Hazel sat up, glanced at the clock. Her parents weren’t due home for three more hours. “We’ve got to clean up the kitchen and fold the laundry.” She hopped around, pulling her shoes on. Finney stood up, stretched, languid as a cat. Her parents were kind, permissive, sloppy. They let her bake cookies when she and Hazel were barely old enough to turn on the stove. Nobody cared about the mess. On Sundays in the winter, after the livestock were fed, Finney’s dad, Malcolm, came home and put his pajamas back on, drank hot chocolate, and listened to the radio, letting the sections of the newspaper pile up around him. Their house wasn’t a museum or a testament to anything. Just a house.
“Hazey, that isn’t your dad’s car.”
Headlights were more than halfway down the lane, and Finney was right—it wasn’t the Cadillac. Hazel bent over, tied her shoes. She ran her fingers through her hair, pulled it into a ponytail, and wrapped it with a rubber band from her wrist. Finney, too, sped up, tying her shoes and straightening her sweater. “You expecting someone?” she asked.
“No. Are you?” It would be unbearable if she’d invited him here.
“Hardly.
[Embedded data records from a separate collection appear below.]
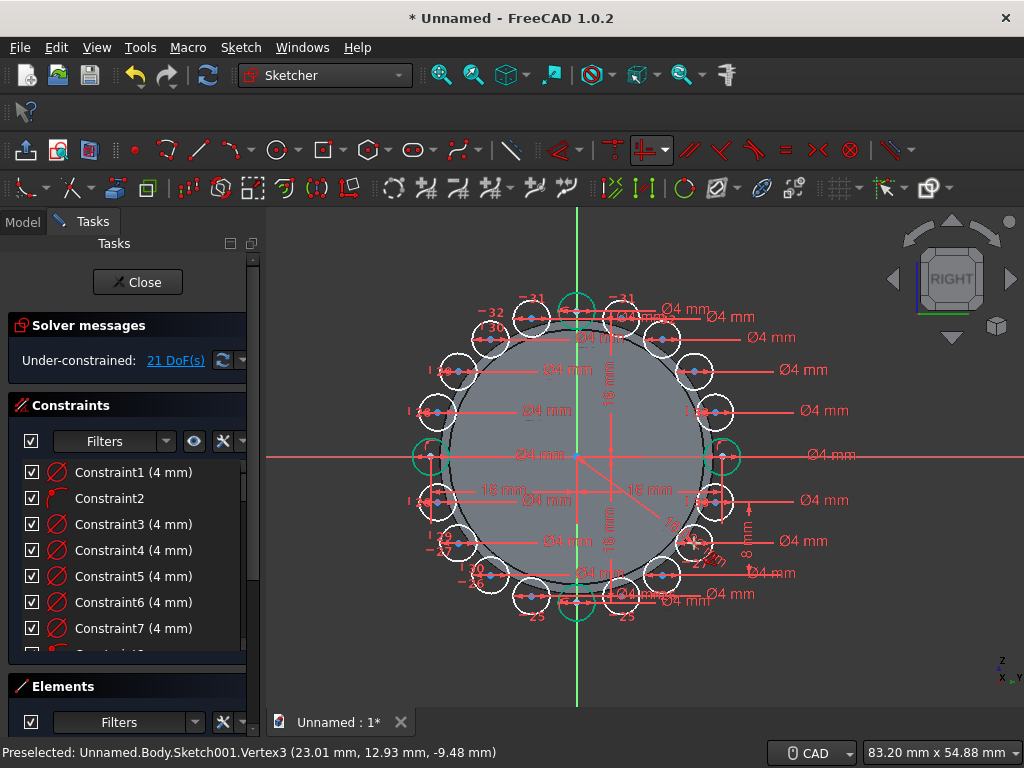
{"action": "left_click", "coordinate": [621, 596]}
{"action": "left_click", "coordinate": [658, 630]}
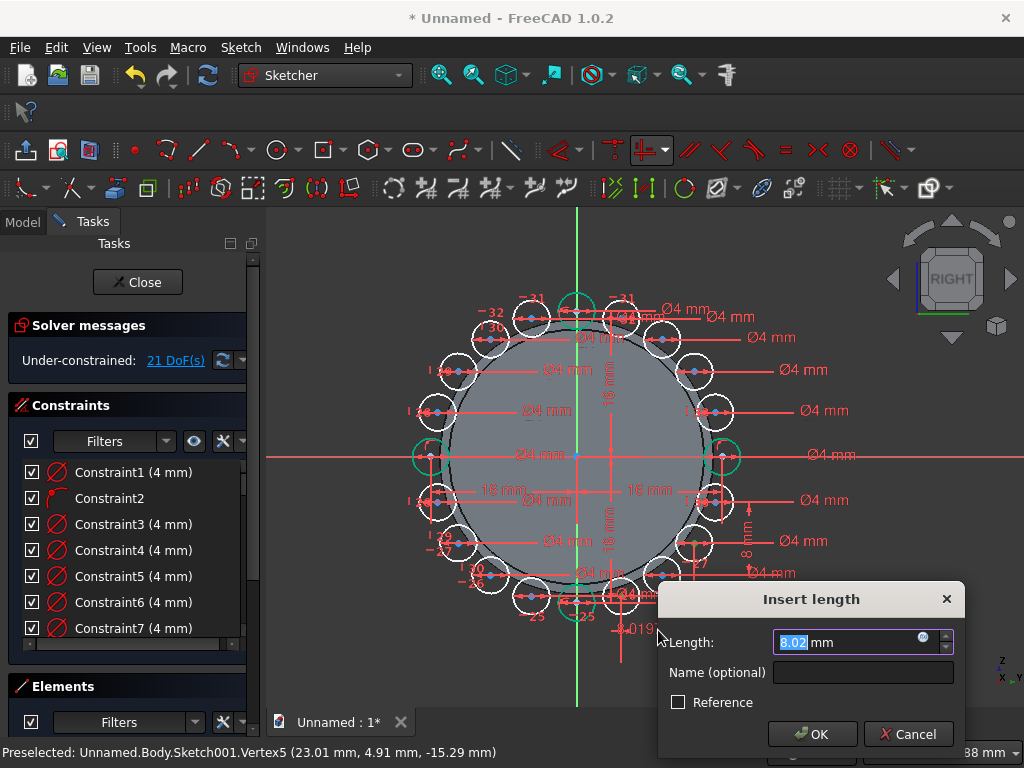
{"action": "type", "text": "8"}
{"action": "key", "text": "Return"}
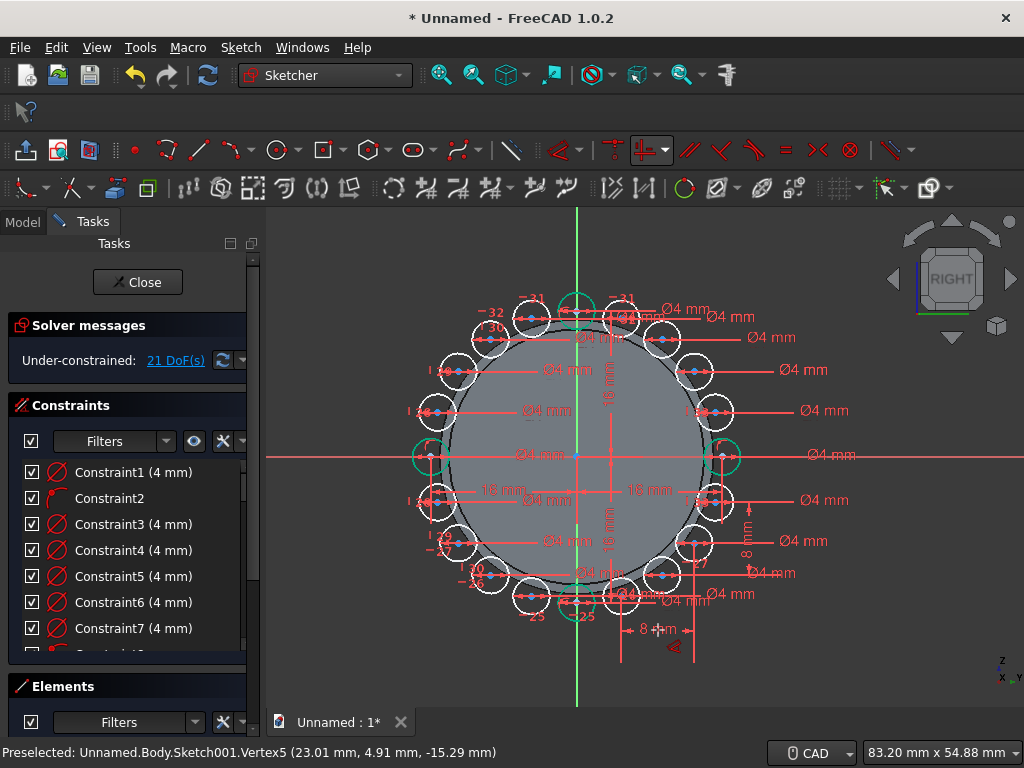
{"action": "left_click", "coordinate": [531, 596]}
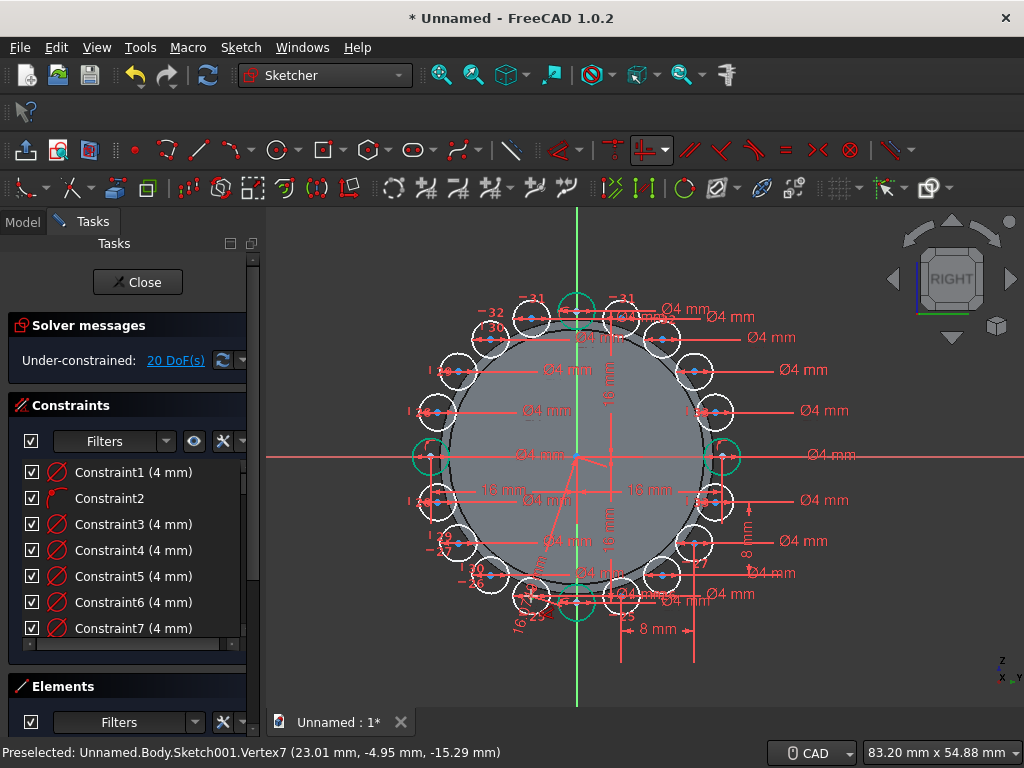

He wouldn’t come if I invited him to a church social.”
The car pulled up in front of the house, and in the sodium light Hazel almost recognized it. It was someone who had been there before, and recently. Yesterday?
The brass doorknob of her bedroom door was cold; the pattern of the hallway rug was a thousand eyes. Hazel turned left and Finney was behind her, humming. They went down the front staircase, passing the silvery ancestors, through the front parlor, past the wide front door with the leaded glass panes, to the side entrance with the heavy lock and the screen. Neither thought to take a coat. They walked out into a bitterly cold, windless December night just as the car pulled into one of the clinic parking spaces and stopped. A man jumped from the driver’s side, shouting, “Miss Hunnicutt, where’s your mama?”
Hazel and Finney stopped on the porch, squinted into the dark to take him in. “Jerome? Is that you?”
“I need your mama, Miss Hazel. Lorraine isn’t doing good, she’s bleeding, where’s Mrs. Hunnicutt?” The young man covered the distance between his car and the porch in two long strides: Jerome Wilson, who played center for the Southside Wildcats, a local star, and Negro.